Ohio parents lose custody for not allowing daughter's transgender hormone therapy
Demonstrators protest for transgender rights on Feb. 25, 2017, in Chicago. A judge in Ohio took custody away from the parents who would not allow their 17-year-old daughter to undergo transgender hormone replacement therapy. The teen’s maternal grandparents were awarded legal custody. (Scott Olson/Getty Images)\n

Ohio parents lose custody for not allowing daughter's transgender hormone therapy

An Ohio couple lost legal custody of their daughter Friday after refusing to allow her to undergo hormone replacement therapy in order to transition to a male.

Hamilton County Judge Sylvia Sieve Hendon awarded legal custody to the 17-year-old teen’s maternal grandparents, who support the hormone treatment. The judge also called on legislators to enact laws giving transgender minors more legal rights in these situations.

“The Legislature should consider a set of standards by which the Court is able to judge and act upon that minor’s request based upon the child’s maturity,” Hendon wrote in the decision. “That type of legislation would give a voice and a pathway to youth similarly situated as JNS (the teen) without attributing fault to the parents and involving them in protracted litigation which can and does destroy the family unit.”

The case began in February 2017 after the teen moved in with her maternal grandparents after being hospitalized for anxiety and depression, and subsequently diagnosed with gender dysphoria.
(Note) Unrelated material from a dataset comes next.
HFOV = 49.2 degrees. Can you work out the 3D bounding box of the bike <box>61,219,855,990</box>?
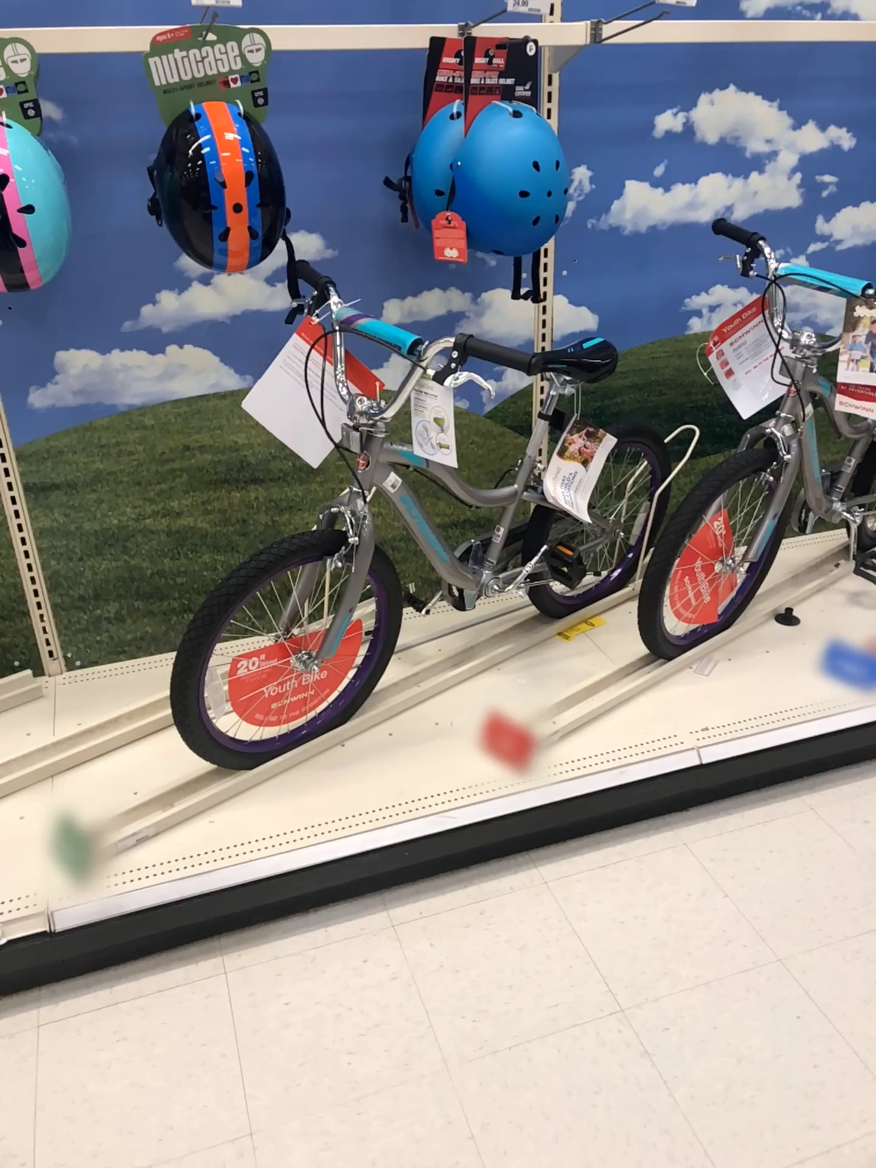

The teen reported mistreatment by her parents that was causing her to feel suicidal.

What is the reason for the ruling?

The judge wrote in her decision that the court only intrudes on the treatment of the child in life-or-death circumstances. This complaint was based heavily on the teen’s expressed potential for self-harm or suicide, although medical records submitted at the time of the complaint clearly state that the she was not at risk for suicide. Therefore, the judge chose not to consider that in the ruling.

“It is a sad commentary that the Juvenile Court system deals with the suicidal ideation of troubled adolescents on a regular basis but cannot let that threat govern the outcome or disposition of a case before it,” she wrote.
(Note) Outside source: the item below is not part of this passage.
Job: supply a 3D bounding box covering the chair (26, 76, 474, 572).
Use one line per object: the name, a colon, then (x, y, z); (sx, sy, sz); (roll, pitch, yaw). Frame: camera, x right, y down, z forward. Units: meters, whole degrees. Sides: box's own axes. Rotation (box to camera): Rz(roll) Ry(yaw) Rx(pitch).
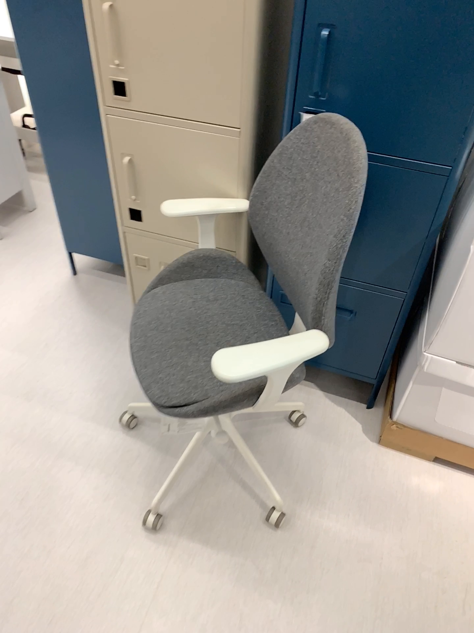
chair: (-0.041, 0.039, 1.236); (0.670, 0.996, 0.653); (-9, 44, -12)

Instead, the decision was based on what the court determined to be “in the best interests of this child for the few remaining months of minority.”

The primary factors included:

  • Although they wished to maintain legal custody, the parents agreed that the child should continue to live with the maternal grandparents and stay at the same school she had been attending
  • The child wished to stay with the maternal grandparents
  • The grandparents are suitable caregivers

Did the parents actually do anything wrong?
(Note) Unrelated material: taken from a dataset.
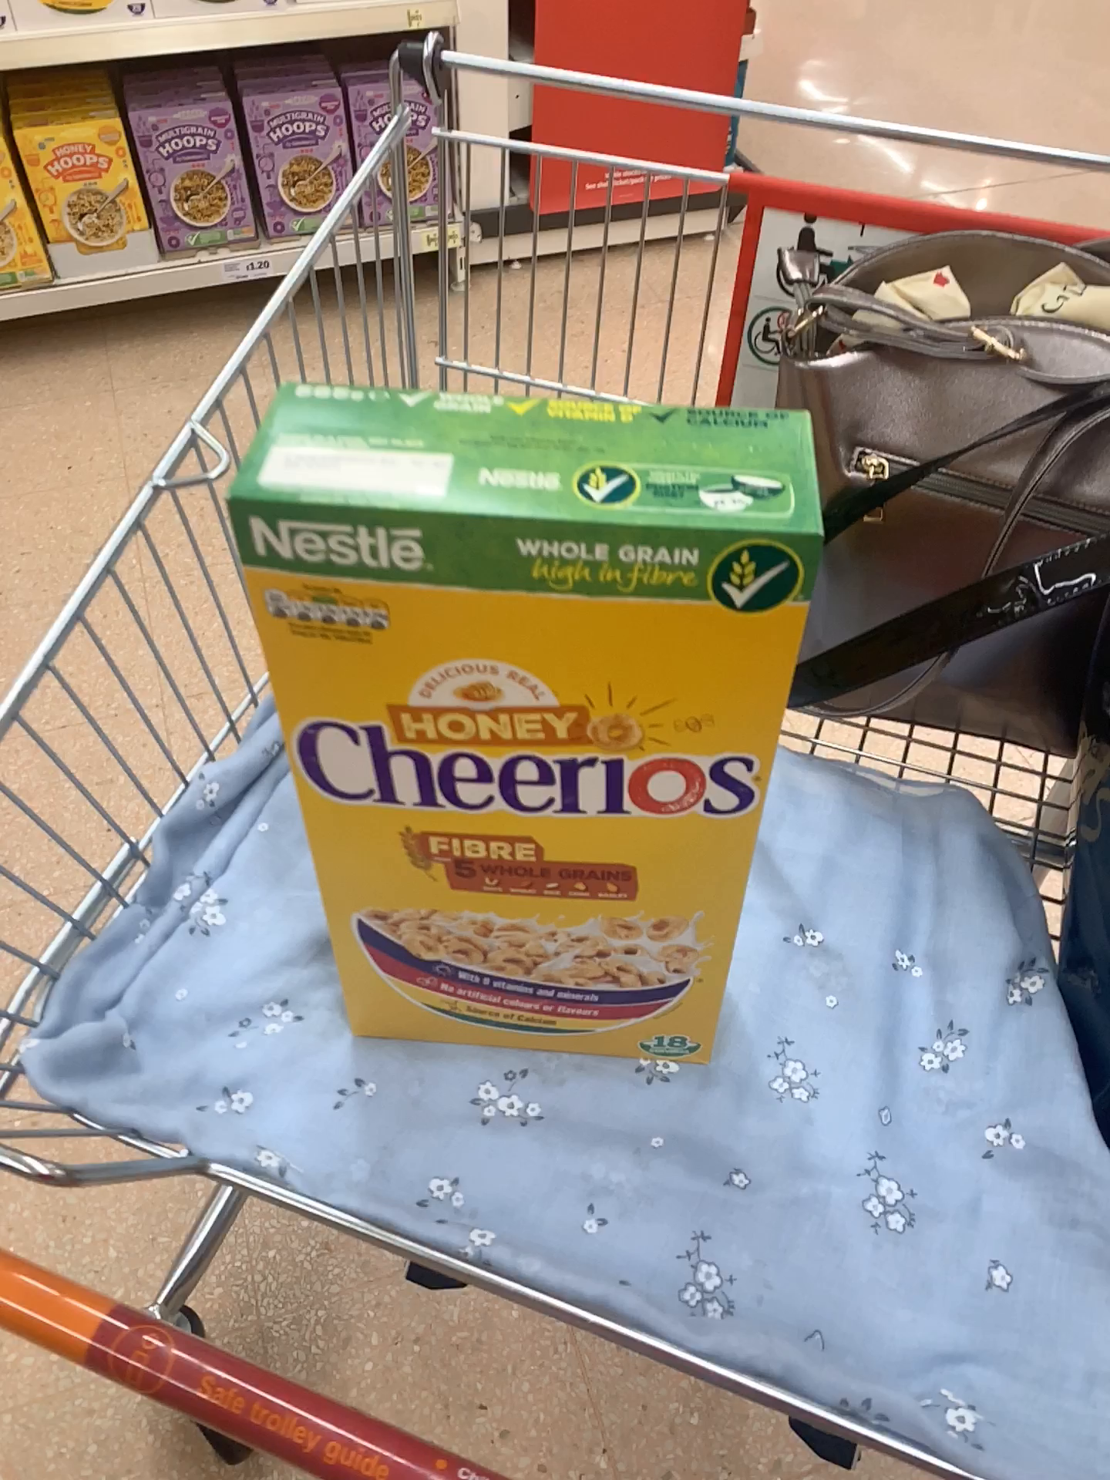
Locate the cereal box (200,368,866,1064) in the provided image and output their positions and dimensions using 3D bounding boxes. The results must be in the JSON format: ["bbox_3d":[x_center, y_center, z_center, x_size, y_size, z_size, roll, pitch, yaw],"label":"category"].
[{"bbox_3d":[-0.009,0.019,0.508,0.210,0.347,0.081,4,47,2],"label":"cereal box"}]

The judge expressed some empathy toward the parents despite taking legal custody of their child away from them.

Here’s what she wrote about the parents:

“In this case, it is understandable that the parents were legitimately surprised and confused when the child’s anxiety and depression symptoms became the basis for the diagnosis of gender dysphoria. The child had lived until summer of 2016 consistent with the assigned gender at birth. The parents sought appropriate mental health treatment when their child’s generalized anxiety and depression reached the point that hospitalization became necessary. The parents acknowledged that the child expressed suicidal intent if forced to return to their home.”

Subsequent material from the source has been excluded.